I can’t tell you how many times I’ve looked up this Alton Brown waffle recipe. It’s from “Good Eats 2: The Middle Years,” and I published the recipe for a double batch way back in 2011, when I wrote a story about how I like to freeze waffles for easy reheating in the toaster.

I should have clipped my own story and taped that recipe to the fridge because, every three or four months, I pull out the Google and dig up this buttermilk waffle recipe. I always mix up the flours, and over the weekend, I used half whole wheat and half einkorn, which led to a super egg-y, almost French toast-like waffle that I loooooved.

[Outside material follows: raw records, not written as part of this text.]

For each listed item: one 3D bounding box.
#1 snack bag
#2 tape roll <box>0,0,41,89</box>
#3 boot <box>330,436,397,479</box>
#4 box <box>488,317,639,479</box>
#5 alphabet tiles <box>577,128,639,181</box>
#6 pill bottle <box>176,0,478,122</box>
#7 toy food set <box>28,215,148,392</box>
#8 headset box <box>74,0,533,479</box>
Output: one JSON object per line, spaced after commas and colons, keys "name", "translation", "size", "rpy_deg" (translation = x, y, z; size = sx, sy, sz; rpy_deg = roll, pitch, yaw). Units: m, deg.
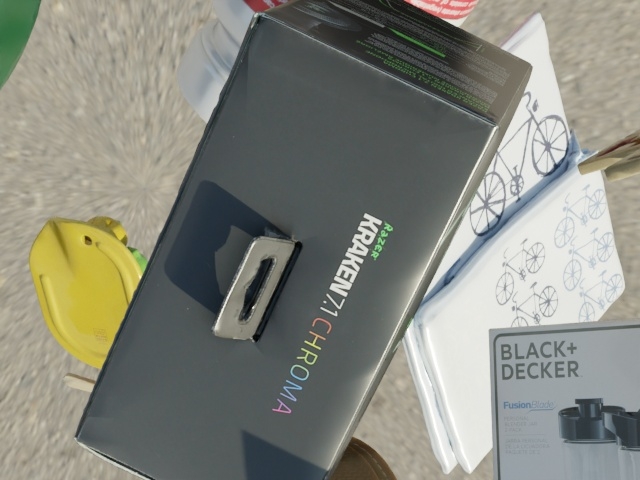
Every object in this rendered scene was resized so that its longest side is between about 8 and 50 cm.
{"name": "snack bag", "translation": [0.170, -0.006, 1.554], "size": [0.323, 0.037, 0.342], "rpy_deg": [-41, 125, -37]}
{"name": "tape roll", "translation": [-0.349, -0.204, 1.130], "size": [0.321, 0.077, 0.321], "rpy_deg": [1, 95, 12]}
{"name": "boot", "translation": [-0.041, 0.240, 1.299], "size": [0.109, 0.283, 0.220], "rpy_deg": [-23, 138, -38]}
{"name": "box", "translation": [0.213, 0.201, 1.190], "size": [0.087, 0.169, 0.290], "rpy_deg": [6, 82, -47]}
{"name": "alphabet tiles", "translation": [0.328, -0.112, 1.018], "size": [0.342, 0.285, 0.011], "rpy_deg": [-28, 98, -45]}
{"name": "pill bottle", "translation": [0.042, -0.270, 1.517], "size": [0.229, 0.229, 0.407], "rpy_deg": [33, 116, -6]}
{"name": "toy food set", "translation": [-0.213, 0.057, 1.678], "size": [0.128, 0.071, 0.218], "rpy_deg": [6, 124, 22]}
{"name": "headset box", "translation": [0.000, 0.000, 0.913], "size": [0.131, 0.283, 0.246], "rpy_deg": [26, 107, 4]}

My kids did, too. (I also made my own buttermilk by adding a little vinegar to regular whole milk.)

In the photo on the right, you’ll note that I went whole hog and put peanut butter on my waffle. Waffles are already so rich, but I grew up eating Eggos slathered with peanut butter just about every morning. I only needed a hint of PB to enjoy that sensory throwback.

Several of you asked for the recipe online, so here it is!

Alton Brown's waffle recipe has become one of my favorites. It's egg-y enough to almost taste like French toast. Photo by Addie Broyles.

Alton Brown’s waffle recipe has become one of my favorites. It’s egg-y enough to almost taste like French toast. Photo by Addie Broyles.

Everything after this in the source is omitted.